Excerpts from a dataset
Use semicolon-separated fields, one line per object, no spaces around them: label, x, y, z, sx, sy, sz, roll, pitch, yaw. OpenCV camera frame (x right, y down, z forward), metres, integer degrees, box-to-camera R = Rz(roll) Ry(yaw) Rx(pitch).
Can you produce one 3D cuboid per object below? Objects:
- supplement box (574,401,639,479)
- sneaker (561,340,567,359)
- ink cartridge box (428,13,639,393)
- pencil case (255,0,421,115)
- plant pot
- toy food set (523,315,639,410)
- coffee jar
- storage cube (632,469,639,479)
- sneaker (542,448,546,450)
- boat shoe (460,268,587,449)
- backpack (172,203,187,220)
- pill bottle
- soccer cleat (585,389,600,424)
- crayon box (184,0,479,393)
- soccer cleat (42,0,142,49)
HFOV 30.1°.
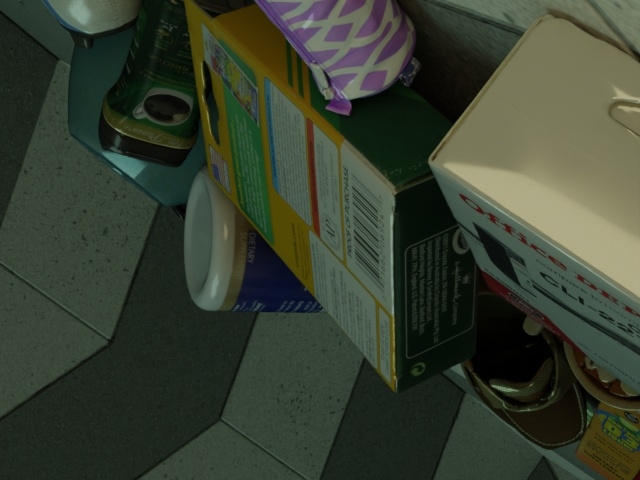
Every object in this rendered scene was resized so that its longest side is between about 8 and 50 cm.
supplement box;0.344;0.193;1.304;0.078;0.080;0.233;35;156;20
sneaker;0.239;0.064;1.038;0.267;0.106;0.101;35;176;38
ink cartridge box;0.195;0.004;0.742;0.197;0.114;0.273;36;174;23
pencil case;-0.016;-0.171;0.776;0.086;0.088;0.206;29;169;45
plant pot;-0.163;-0.153;1.312;0.290;0.195;0.290;36;175;4
toy food set;0.240;0.064;0.914;0.192;0.132;0.038;34;-166;39
coffee jar;-0.144;-0.158;1.125;0.096;0.184;0.079;14;-148;-23
storage cube;0.396;0.252;1.132;0.183;0.193;0.215;35;175;20
sneaker;0.268;0.221;1.539;0.084;0.058;0.152;31;-174;5
boat shoe;0.195;0.122;1.225;0.324;0.122;0.120;54;-164;-36
backpack;-0.078;-0.062;1.522;0.253;0.191;0.225;28;179;18
pill bottle;0.000;0.000;1.246;0.264;0.153;0.153;2;-173;-19
soccer cleat;0.321;0.185;1.523;0.289;0.093;0.121;31;155;33
crayon box;0.005;-0.059;0.958;0.323;0.083;0.203;47;152;41
soccer cleat;-0.270;-0.319;1.188;0.331;0.116;0.143;43;150;42

◆ **What you have to do**
Please give back all the records above word for word, with no pictures included.

◆ **Exercise response**
Use semicolon-separated fields, one line per object, no spaces around them: label, x, y, z, sx, sy, sz, roll, pitch, yaw. OpenCV camera frame (x right, y down, z forward), metres, integer degrees, box-to-camera R = Rz(roll) Ry(yaw) Rx(pitch).
Can you produce one 3D cuboid per object below? Objects:
- supplement box (574,401,639,479)
- sneaker (561,340,567,359)
- ink cartridge box (428,13,639,393)
- pencil case (255,0,421,115)
- plant pot
- toy food set (523,315,639,410)
- coffee jar
- storage cube (632,469,639,479)
- sneaker (542,448,546,450)
- boat shoe (460,268,587,449)
- backpack (172,203,187,220)
- pill bottle
- soccer cleat (585,389,600,424)
- crayon box (184,0,479,393)
- soccer cleat (42,0,142,49)
HFOV 30.1°.
Every object in this rendered scene was resized so that its longest side is between about 8 and 50 cm.
supplement box;0.344;0.193;1.304;0.078;0.080;0.233;35;156;20
sneaker;0.239;0.064;1.038;0.267;0.106;0.101;35;176;38
ink cartridge box;0.195;0.004;0.742;0.197;0.114;0.273;36;174;23
pencil case;-0.016;-0.171;0.776;0.086;0.088;0.206;29;169;45
plant pot;-0.163;-0.153;1.312;0.290;0.195;0.290;36;175;4
toy food set;0.240;0.064;0.914;0.192;0.132;0.038;34;-166;39
coffee jar;-0.144;-0.158;1.125;0.096;0.184;0.079;14;-148;-23
storage cube;0.396;0.252;1.132;0.183;0.193;0.215;35;175;20
sneaker;0.268;0.221;1.539;0.084;0.058;0.152;31;-174;5
boat shoe;0.195;0.122;1.225;0.324;0.122;0.120;54;-164;-36
backpack;-0.078;-0.062;1.522;0.253;0.191;0.225;28;179;18
pill bottle;0.000;0.000;1.246;0.264;0.153;0.153;2;-173;-19
soccer cleat;0.321;0.185;1.523;0.289;0.093;0.121;31;155;33
crayon box;0.005;-0.059;0.958;0.323;0.083;0.203;47;152;41
soccer cleat;-0.270;-0.319;1.188;0.331;0.116;0.143;43;150;42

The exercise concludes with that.